Copy out the data that follows exactly, leaving out no line.

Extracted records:
▬▬▬
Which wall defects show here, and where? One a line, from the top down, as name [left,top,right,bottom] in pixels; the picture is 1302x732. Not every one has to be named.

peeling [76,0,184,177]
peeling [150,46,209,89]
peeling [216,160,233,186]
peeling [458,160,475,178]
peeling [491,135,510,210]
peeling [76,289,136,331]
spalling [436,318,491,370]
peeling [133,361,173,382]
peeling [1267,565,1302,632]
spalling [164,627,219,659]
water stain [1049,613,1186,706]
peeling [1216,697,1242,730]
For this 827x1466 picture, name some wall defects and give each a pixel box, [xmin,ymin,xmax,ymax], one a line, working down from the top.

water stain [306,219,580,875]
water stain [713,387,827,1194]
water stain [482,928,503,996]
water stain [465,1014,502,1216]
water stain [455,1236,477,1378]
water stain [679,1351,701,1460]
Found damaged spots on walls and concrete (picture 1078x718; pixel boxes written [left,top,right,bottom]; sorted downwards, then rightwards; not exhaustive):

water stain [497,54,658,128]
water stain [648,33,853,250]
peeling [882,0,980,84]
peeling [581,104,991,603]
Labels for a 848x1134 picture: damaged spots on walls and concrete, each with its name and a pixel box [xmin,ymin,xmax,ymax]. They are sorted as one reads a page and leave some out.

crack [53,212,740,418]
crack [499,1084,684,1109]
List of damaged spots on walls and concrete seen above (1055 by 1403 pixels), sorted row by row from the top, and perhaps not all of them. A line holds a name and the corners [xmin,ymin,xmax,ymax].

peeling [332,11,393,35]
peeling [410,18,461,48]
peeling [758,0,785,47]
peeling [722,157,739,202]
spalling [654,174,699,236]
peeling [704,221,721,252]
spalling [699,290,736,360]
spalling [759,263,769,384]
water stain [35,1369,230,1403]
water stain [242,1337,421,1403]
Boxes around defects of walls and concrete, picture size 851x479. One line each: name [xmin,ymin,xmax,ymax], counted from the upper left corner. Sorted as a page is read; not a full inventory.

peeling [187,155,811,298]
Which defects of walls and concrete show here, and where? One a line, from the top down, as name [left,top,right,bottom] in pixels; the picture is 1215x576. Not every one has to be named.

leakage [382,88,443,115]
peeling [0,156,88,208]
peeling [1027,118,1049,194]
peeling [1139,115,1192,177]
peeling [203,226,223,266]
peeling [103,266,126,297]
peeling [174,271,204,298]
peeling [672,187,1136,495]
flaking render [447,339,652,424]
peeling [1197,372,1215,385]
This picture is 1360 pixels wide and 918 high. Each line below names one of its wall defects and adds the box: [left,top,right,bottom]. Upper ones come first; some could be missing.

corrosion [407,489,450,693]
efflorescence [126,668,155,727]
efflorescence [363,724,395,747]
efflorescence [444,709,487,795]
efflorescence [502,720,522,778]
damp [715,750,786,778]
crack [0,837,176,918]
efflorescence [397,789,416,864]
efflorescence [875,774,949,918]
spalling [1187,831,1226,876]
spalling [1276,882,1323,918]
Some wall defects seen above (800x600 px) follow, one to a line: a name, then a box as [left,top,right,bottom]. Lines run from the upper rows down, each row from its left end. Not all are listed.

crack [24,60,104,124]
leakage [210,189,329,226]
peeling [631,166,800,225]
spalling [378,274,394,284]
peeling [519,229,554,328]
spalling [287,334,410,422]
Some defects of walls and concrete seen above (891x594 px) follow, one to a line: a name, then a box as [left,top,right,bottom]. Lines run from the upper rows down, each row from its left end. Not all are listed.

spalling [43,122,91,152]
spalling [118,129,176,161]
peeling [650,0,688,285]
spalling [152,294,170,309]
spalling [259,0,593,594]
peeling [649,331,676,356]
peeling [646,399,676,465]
▬▬▬
OUTPUT:
Which wall defects show here, and where? One a line, from the top down, as name [left,top,right,bottom] in pixels; the picture is 1302x732. Not every one has to be named.

peeling [76,0,184,177]
peeling [150,46,209,89]
peeling [216,160,233,186]
peeling [458,160,475,178]
peeling [491,135,510,210]
peeling [76,289,136,331]
spalling [436,318,491,370]
peeling [133,361,173,382]
peeling [1267,565,1302,632]
spalling [164,627,219,659]
water stain [1049,613,1186,706]
peeling [1216,697,1242,730]
For this 827x1466 picture, name some wall defects and give each a pixel box, [xmin,ymin,xmax,ymax], one a line, working down from the top.

water stain [306,219,580,875]
water stain [713,387,827,1194]
water stain [482,928,503,996]
water stain [465,1014,502,1216]
water stain [455,1236,477,1378]
water stain [679,1351,701,1460]
Found damaged spots on walls and concrete (picture 1078x718; pixel boxes written [left,top,right,bottom]; sorted downwards, then rightwards; not exhaustive):

water stain [497,54,658,128]
water stain [648,33,853,250]
peeling [882,0,980,84]
peeling [581,104,991,603]
Labels for a 848x1134 picture: damaged spots on walls and concrete, each with its name and a pixel box [xmin,ymin,xmax,ymax]. They are sorted as one reads a page and leave some out.

crack [53,212,740,418]
crack [499,1084,684,1109]
List of damaged spots on walls and concrete seen above (1055 by 1403 pixels), sorted row by row from the top, and perhaps not all of them. A line holds a name and the corners [xmin,ymin,xmax,ymax].

peeling [332,11,393,35]
peeling [410,18,461,48]
peeling [758,0,785,47]
peeling [722,157,739,202]
spalling [654,174,699,236]
peeling [704,221,721,252]
spalling [699,290,736,360]
spalling [759,263,769,384]
water stain [35,1369,230,1403]
water stain [242,1337,421,1403]
Boxes around defects of walls and concrete, picture size 851x479. One line each: name [xmin,ymin,xmax,ymax], counted from the upper left corner. Sorted as a page is read; not a full inventory.

peeling [187,155,811,298]
Which defects of walls and concrete show here, and where? One a line, from the top down, as name [left,top,right,bottom] in pixels; the picture is 1215x576. Not every one has to be named.

leakage [382,88,443,115]
peeling [0,156,88,208]
peeling [1027,118,1049,194]
peeling [1139,115,1192,177]
peeling [203,226,223,266]
peeling [103,266,126,297]
peeling [174,271,204,298]
peeling [672,187,1136,495]
flaking render [447,339,652,424]
peeling [1197,372,1215,385]
This picture is 1360 pixels wide and 918 high. Each line below names one of its wall defects and adds the box: [left,top,right,bottom]. Upper ones come first; some could be missing.

corrosion [407,489,450,693]
efflorescence [126,668,155,727]
efflorescence [363,724,395,747]
efflorescence [444,709,487,795]
efflorescence [502,720,522,778]
damp [715,750,786,778]
crack [0,837,176,918]
efflorescence [397,789,416,864]
efflorescence [875,774,949,918]
spalling [1187,831,1226,876]
spalling [1276,882,1323,918]
Some wall defects seen above (800x600 px) follow, one to a line: a name, then a box as [left,top,right,bottom]. Lines run from the upper rows down, each row from its left end. Not all are listed.

crack [24,60,104,124]
leakage [210,189,329,226]
peeling [631,166,800,225]
spalling [378,274,394,284]
peeling [519,229,554,328]
spalling [287,334,410,422]
Some defects of walls and concrete seen above (891x594 px) follow, one to a line: a name, then a box as [left,top,right,bottom]. Lines run from the upper rows down, each row from its left end. Not all are listed.

spalling [43,122,91,152]
spalling [118,129,176,161]
peeling [650,0,688,285]
spalling [152,294,170,309]
spalling [259,0,593,594]
peeling [649,331,676,356]
peeling [646,399,676,465]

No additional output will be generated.